Let us now check out how this could be implemented in Python using ScikitLearn. To generate the training data, ScikitLearn provides us a method make_blobs

We can start by importing the required modules

from sklearn.datasets.samples_generator import make_blobs
from sklearn.cluster import AffinityPropagation
from sklearn.model_selection import train_test_split

Now, we can generate the required data. Note that since this is a clustering application. We do not really need the target output. But, we generate the same just to make sure our model generates good clusters.

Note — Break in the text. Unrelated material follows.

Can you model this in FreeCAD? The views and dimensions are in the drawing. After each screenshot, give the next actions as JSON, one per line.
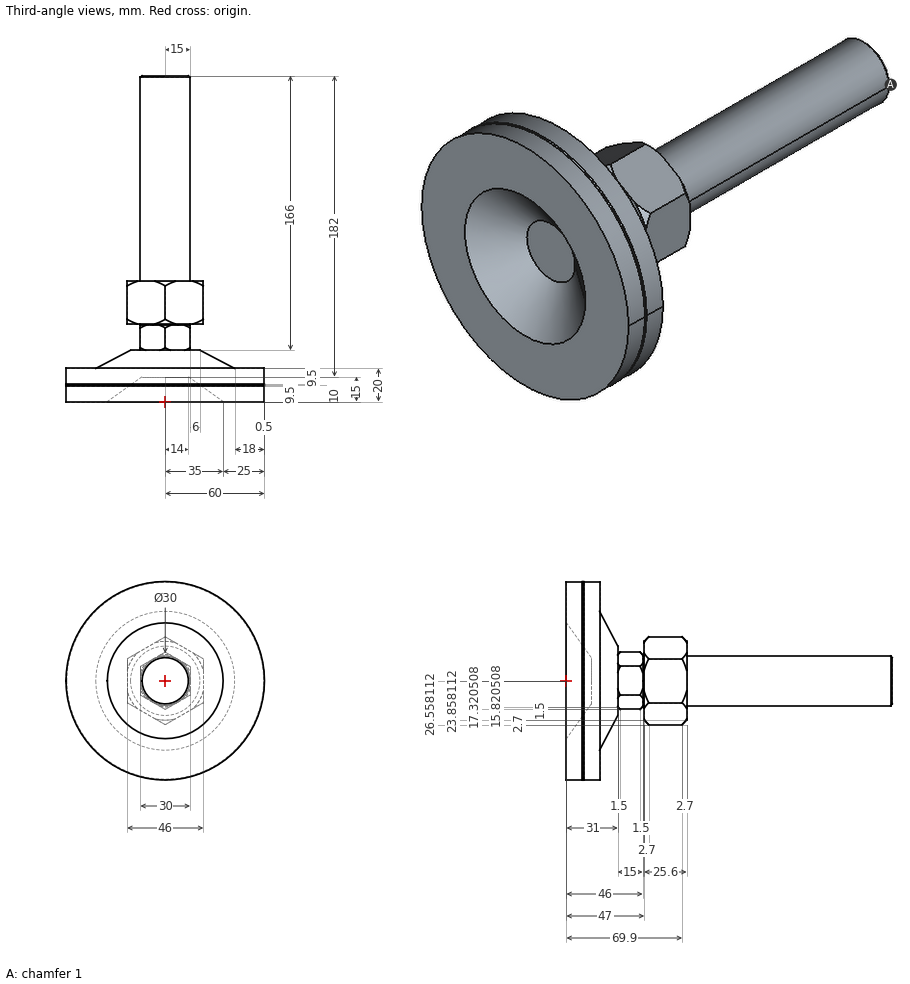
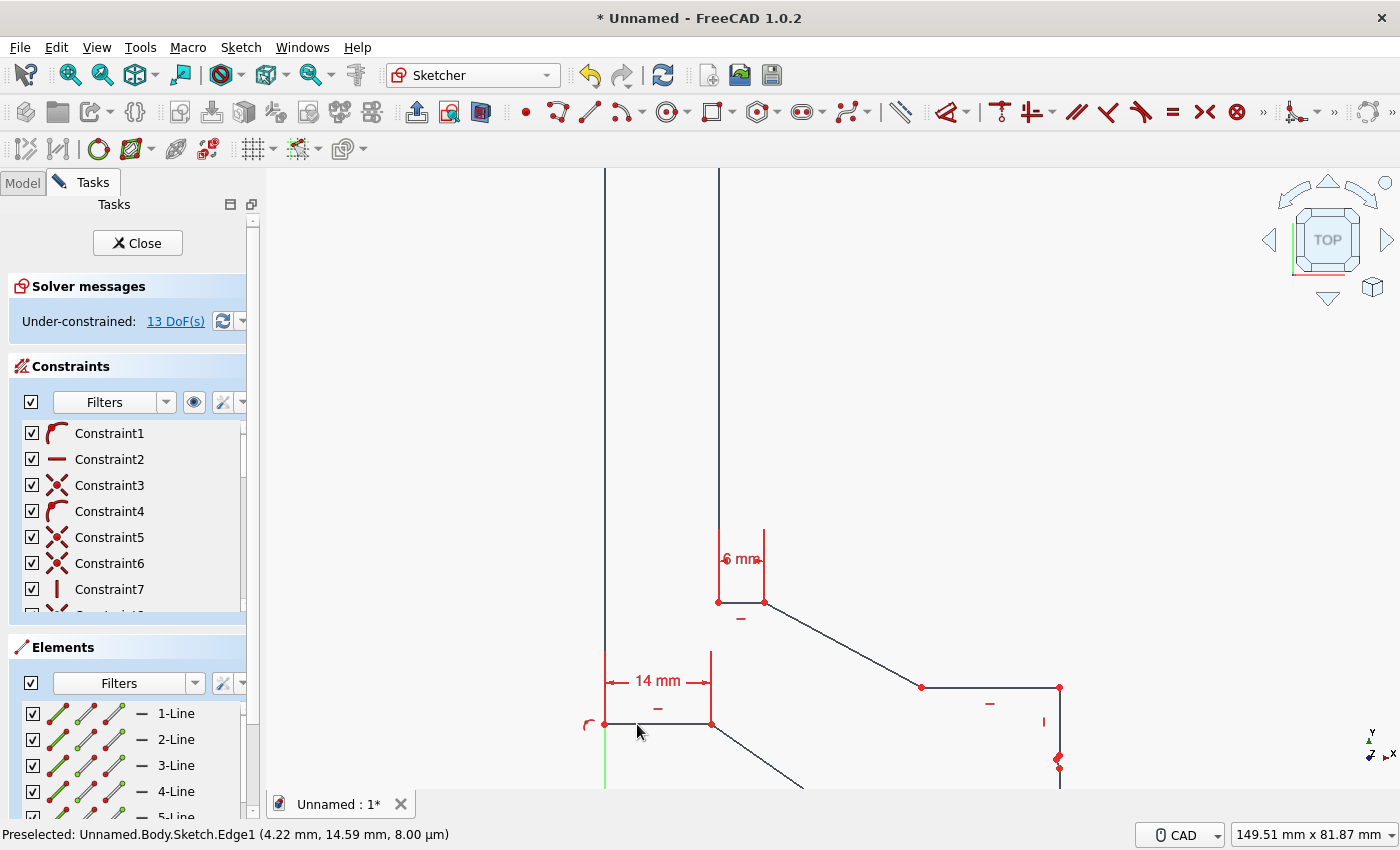
{"action": "scroll", "coordinate": [742, 606], "scroll_direction": "down", "scroll_amount": 7}

We can have a look at the data we got

X.shape
...
(500, 5)
y.shape
...
(500,)
X[:2,]
...
array([[ 0.7927672 ,  4.69609538,  2.29690233,  1.00159957, -2.3564752 ],
        [ 5.60928139, -0.0376682 , -0.68774591,  9.60509046, -8.52337837]])
y[:2,]
...
array([0, 2])

Now, create an instance of the AffinityPropagation and try to fit the data

ap = AffinityPropagation()
ap.fit(X)

Now we need to check how good is this clustering. The values in y were the clusters assigned by the make_blogs. They may not match exactly with the clusters generated by the Affinity Propagation. For example, cluster 1 in the original data could be cluster 2 here. That is not important. But it is important that the clustering is similar. That is, if two elements were in the same cluster in the first set, they should be in the same group in the second set as well. To verify this, we can write a small script:

y1 = ap.predict(X)
mismatch = 0
for i in range(y1.shape[0]):
    for j in range(y1.shape[0]):
        if ((y[i] == y[j]) and (y1[i] != y1[j])):
            mismatch = mismatch+1

print(mismatch)

The output is 0! That means there is not a single mismatch. Affinity Propagation is very effective. But very expensive. Everything comes at a cost!

There are several hyper parameters that are required to make the Affinity Propagation effective.

Damping


Each new iteration of the Responsibility and Availability leads to recalculation of the clusters. Because of this, it is possible that the system gets into an oscillation without any convergence. In order to avoid this problem, the algorithm introduces Damping. This forces inertia on the changes by allocating some weight to the current position of the data point.

Affinity


The measure of affinity is perhaps the most important component in this exercise of clustering. Generally the euclidean affinity is used. But it is possible to push in any other measure of affinity - so long as it is consistent.